We are trying to use file_search to search over a catalog of products. There is a vector store with 3 markdown files including our products. The format of our files is like this:
## Product Name
**Types:** A, B, C
.... (more props)
### Subsection of product
... (more subsections)
## Another Product
...(and so on)
We are running into a problem we have found no way to overcome.
We are not able to get a list of all the products in our catalog of a certain Type. For instance, we have a type that occurs 48 times in our catalog but the assistant returns between 11 and 15 when asked for all of the products of that type.
We have tried tweaking the instruction, increasing max_num_results to 50 (the max) but had no luck. The only way we have found to get more is to tell the assistant how many items there should be but that’s not practical for our use case.
Do you have any recommendations of things to try to maximize the results we get?

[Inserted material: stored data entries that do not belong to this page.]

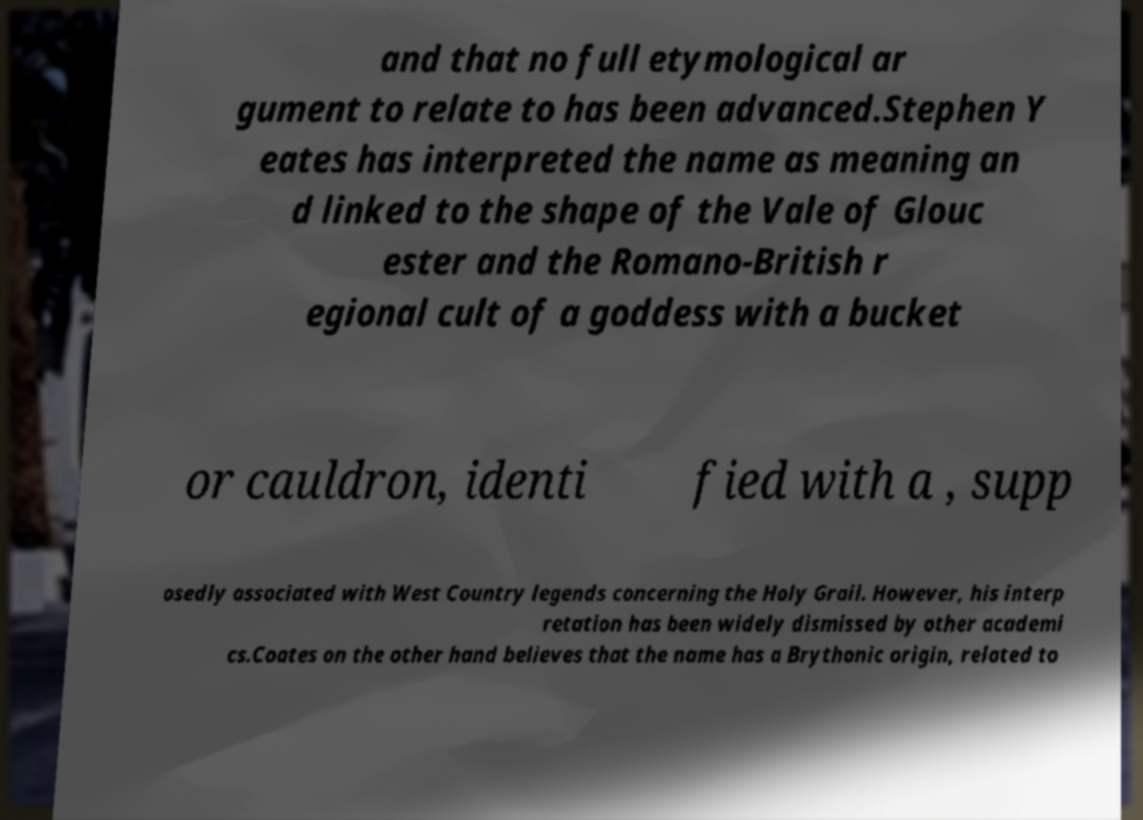Could you extract and type out the text from this image? and that no full etymological ar gument to relate to has been advanced.Stephen Y eates has interpreted the name as meaning an d linked to the shape of the Vale of Glouc ester and the Romano-British r egional cult of a goddess with a bucket or cauldron, identi fied with a , supp osedly associated with West Country legends concerning the Holy Grail. However, his interp retation has been widely dismissed by other academi cs.Coates on the other hand believes that the name has a Brythonic origin, related to 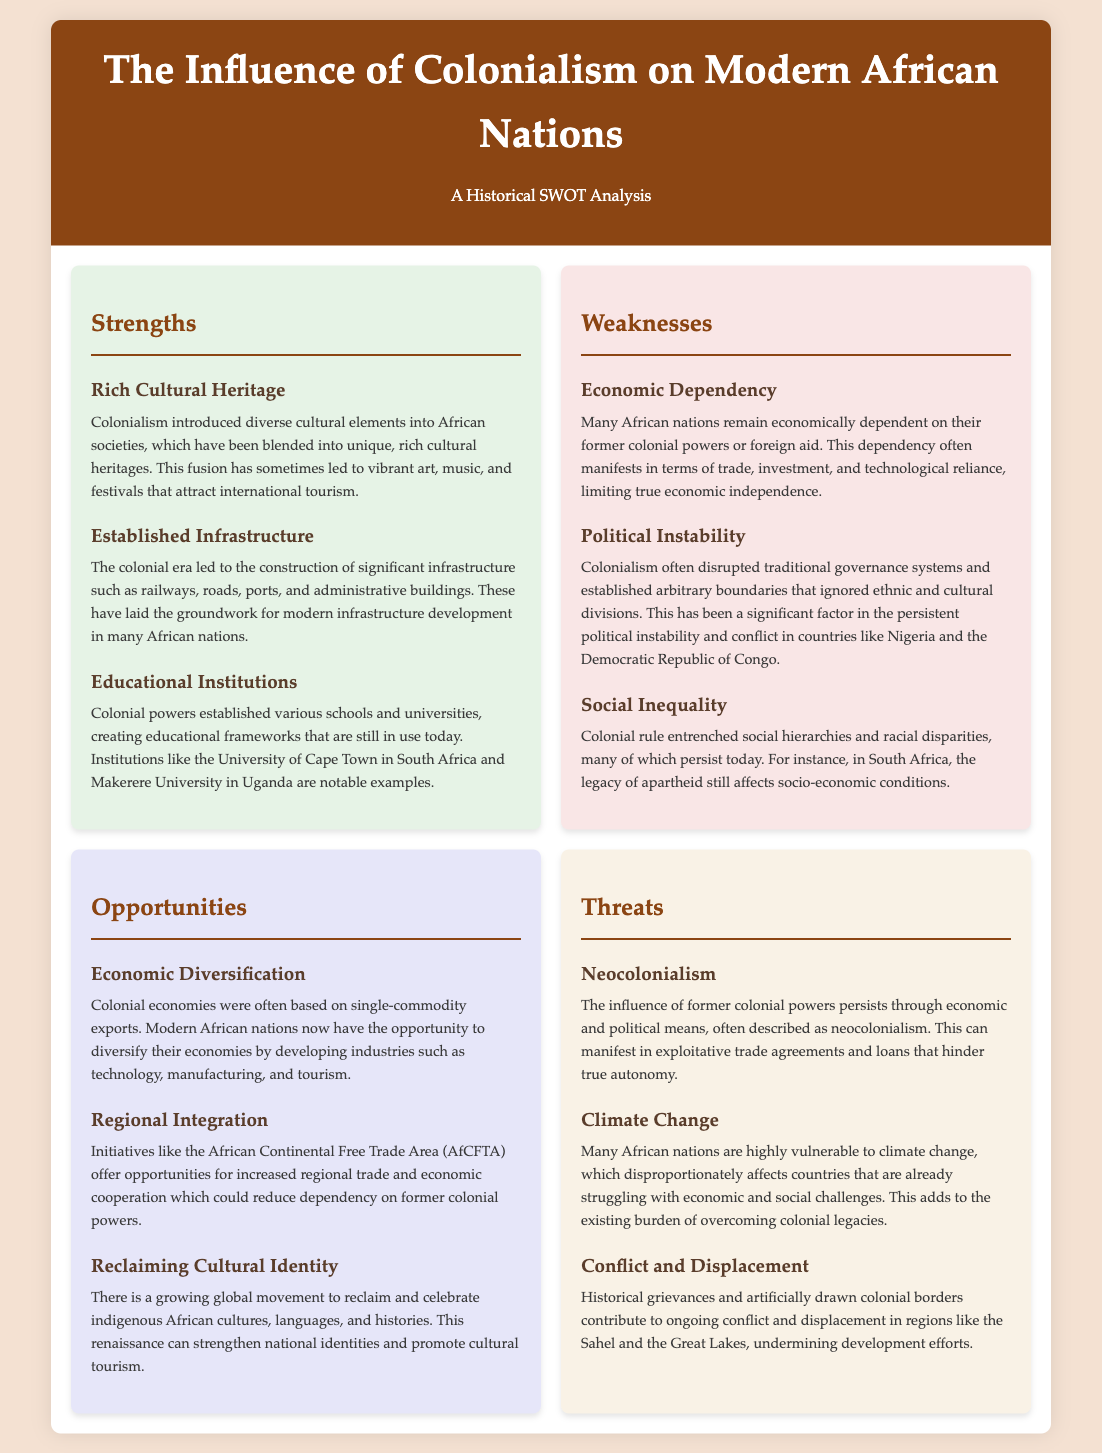What are three strengths mentioned? The strengths listed include Rich Cultural Heritage, Established Infrastructure, and Educational Institutions.
Answer: Rich Cultural Heritage, Established Infrastructure, Educational Institutions What social issue persists in South Africa due to colonialism? The document indicates that the legacy of apartheid affects socio-economic conditions in South Africa.
Answer: Apartheid What is a major threat related to economic influence? Neocolonialism is described as a major threat due to the influence of former colonial powers.
Answer: Neocolonialism Which movement provides an opportunity for cultural celebration? The movement to reclaim and celebrate indigenous African cultures is mentioned as an opportunity.
Answer: Reclaiming Cultural Identity Which two countries are highlighted as examples of political instability? Nigeria and the Democratic Republic of Congo are specified as examples of political instability due to colonialism.
Answer: Nigeria, Democratic Republic of Congo What critical issue is exacerbated by climate change? The document states that climate change adds to the existing burden of overcoming colonial legacies.
Answer: Existing burden What organization promotes regional trade among African nations? The African Continental Free Trade Area (AfCFTA) is mentioned as promoting regional trade and cooperation.
Answer: African Continental Free Trade Area What kind of economic development opportunity is mentioned? Economic diversification is described as an opportunity for developing various industries.
Answer: Economic Diversification How is colonialism related to conflict in modern Africa? The document notes that historical grievances from colonialism contribute to ongoing conflict in certain regions.
Answer: Ongoing conflict 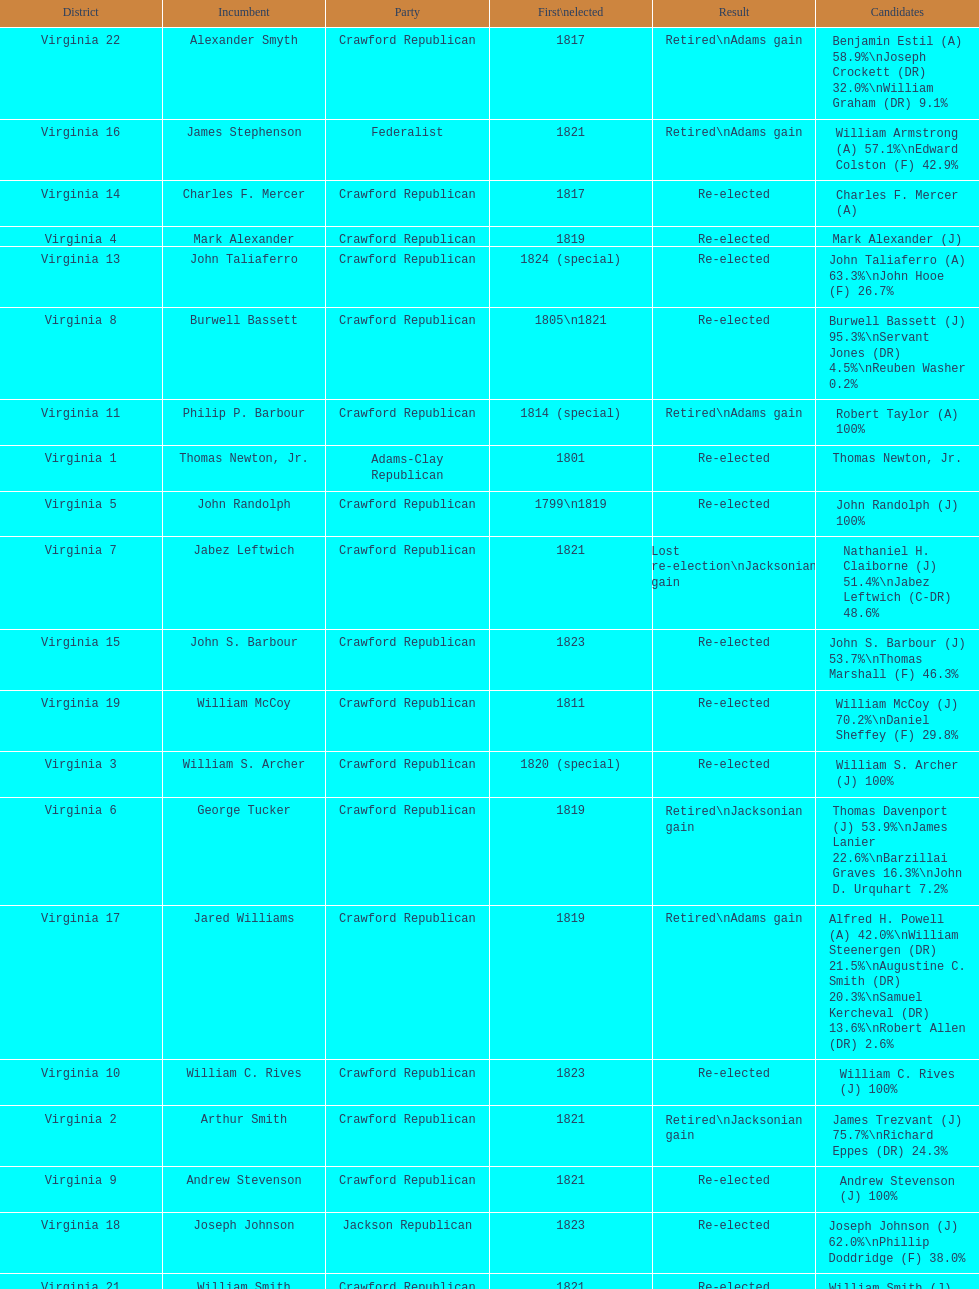Could you help me parse every detail presented in this table? {'header': ['District', 'Incumbent', 'Party', 'First\\nelected', 'Result', 'Candidates'], 'rows': [['Virginia 22', 'Alexander Smyth', 'Crawford Republican', '1817', 'Retired\\nAdams gain', 'Benjamin Estil (A) 58.9%\\nJoseph Crockett (DR) 32.0%\\nWilliam Graham (DR) 9.1%'], ['Virginia 16', 'James Stephenson', 'Federalist', '1821', 'Retired\\nAdams gain', 'William Armstrong (A) 57.1%\\nEdward Colston (F) 42.9%'], ['Virginia 14', 'Charles F. Mercer', 'Crawford Republican', '1817', 'Re-elected', 'Charles F. Mercer (A)'], ['Virginia 4', 'Mark Alexander', 'Crawford Republican', '1819', 'Re-elected', 'Mark Alexander (J)'], ['Virginia 13', 'John Taliaferro', 'Crawford Republican', '1824 (special)', 'Re-elected', 'John Taliaferro (A) 63.3%\\nJohn Hooe (F) 26.7%'], ['Virginia 8', 'Burwell Bassett', 'Crawford Republican', '1805\\n1821', 'Re-elected', 'Burwell Bassett (J) 95.3%\\nServant Jones (DR) 4.5%\\nReuben Washer 0.2%'], ['Virginia 11', 'Philip P. Barbour', 'Crawford Republican', '1814 (special)', 'Retired\\nAdams gain', 'Robert Taylor (A) 100%'], ['Virginia 1', 'Thomas Newton, Jr.', 'Adams-Clay Republican', '1801', 'Re-elected', 'Thomas Newton, Jr.'], ['Virginia 5', 'John Randolph', 'Crawford Republican', '1799\\n1819', 'Re-elected', 'John Randolph (J) 100%'], ['Virginia 7', 'Jabez Leftwich', 'Crawford Republican', '1821', 'Lost re-election\\nJacksonian gain', 'Nathaniel H. Claiborne (J) 51.4%\\nJabez Leftwich (C-DR) 48.6%'], ['Virginia 15', 'John S. Barbour', 'Crawford Republican', '1823', 'Re-elected', 'John S. Barbour (J) 53.7%\\nThomas Marshall (F) 46.3%'], ['Virginia 19', 'William McCoy', 'Crawford Republican', '1811', 'Re-elected', 'William McCoy (J) 70.2%\\nDaniel Sheffey (F) 29.8%'], ['Virginia 3', 'William S. Archer', 'Crawford Republican', '1820 (special)', 'Re-elected', 'William S. Archer (J) 100%'], ['Virginia 6', 'George Tucker', 'Crawford Republican', '1819', 'Retired\\nJacksonian gain', 'Thomas Davenport (J) 53.9%\\nJames Lanier 22.6%\\nBarzillai Graves 16.3%\\nJohn D. Urquhart 7.2%'], ['Virginia 17', 'Jared Williams', 'Crawford Republican', '1819', 'Retired\\nAdams gain', 'Alfred H. Powell (A) 42.0%\\nWilliam Steenergen (DR) 21.5%\\nAugustine C. Smith (DR) 20.3%\\nSamuel Kercheval (DR) 13.6%\\nRobert Allen (DR) 2.6%'], ['Virginia 10', 'William C. Rives', 'Crawford Republican', '1823', 'Re-elected', 'William C. Rives (J) 100%'], ['Virginia 2', 'Arthur Smith', 'Crawford Republican', '1821', 'Retired\\nJacksonian gain', 'James Trezvant (J) 75.7%\\nRichard Eppes (DR) 24.3%'], ['Virginia 9', 'Andrew Stevenson', 'Crawford Republican', '1821', 'Re-elected', 'Andrew Stevenson (J) 100%'], ['Virginia 18', 'Joseph Johnson', 'Jackson Republican', '1823', 'Re-elected', 'Joseph Johnson (J) 62.0%\\nPhillip Doddridge (F) 38.0%'], ['Virginia 21', 'William Smith', 'Crawford Republican', '1821', 'Re-elected', 'William Smith (J) 55.2%\\nJames Lovell (DR) 44.8%'], ['Virginia 20', 'John Floyd', 'Crawford Republican', '1817', 'Re-elected', 'John Floyd (J) 84.7%\\nAllen Taylor (F) 15.3%'], ['Virginia 12', 'Robert S. Garnett', 'Crawford Republican', '1817', 'Re-elected', 'Robert S. Garnett (J) 68.5%\\nJohn H. Upshaw 31.5%']]} How many districts are there in virginia? 22.

This seems like a better task using Function Calling.
Have you thought about harmonizing the two together? You can use embeddings as an index to find the relevant keys and then perform a search in the database you would probably have.
Then, you don’t need to completely update your embeddings each time a product is updated, and can deal with constantly adjusting values like stock.
This way you are back into the world of deterministic results that can be calculated on. Like performing aggregation tasks.
Thanks! We are doing something like what you mention, which is to add database IDs in our catalog and have the assistant give them to us so that we can show the products in our app. However, since we are using file_search for filtering, we would still want more IDs being passed to us in the function call.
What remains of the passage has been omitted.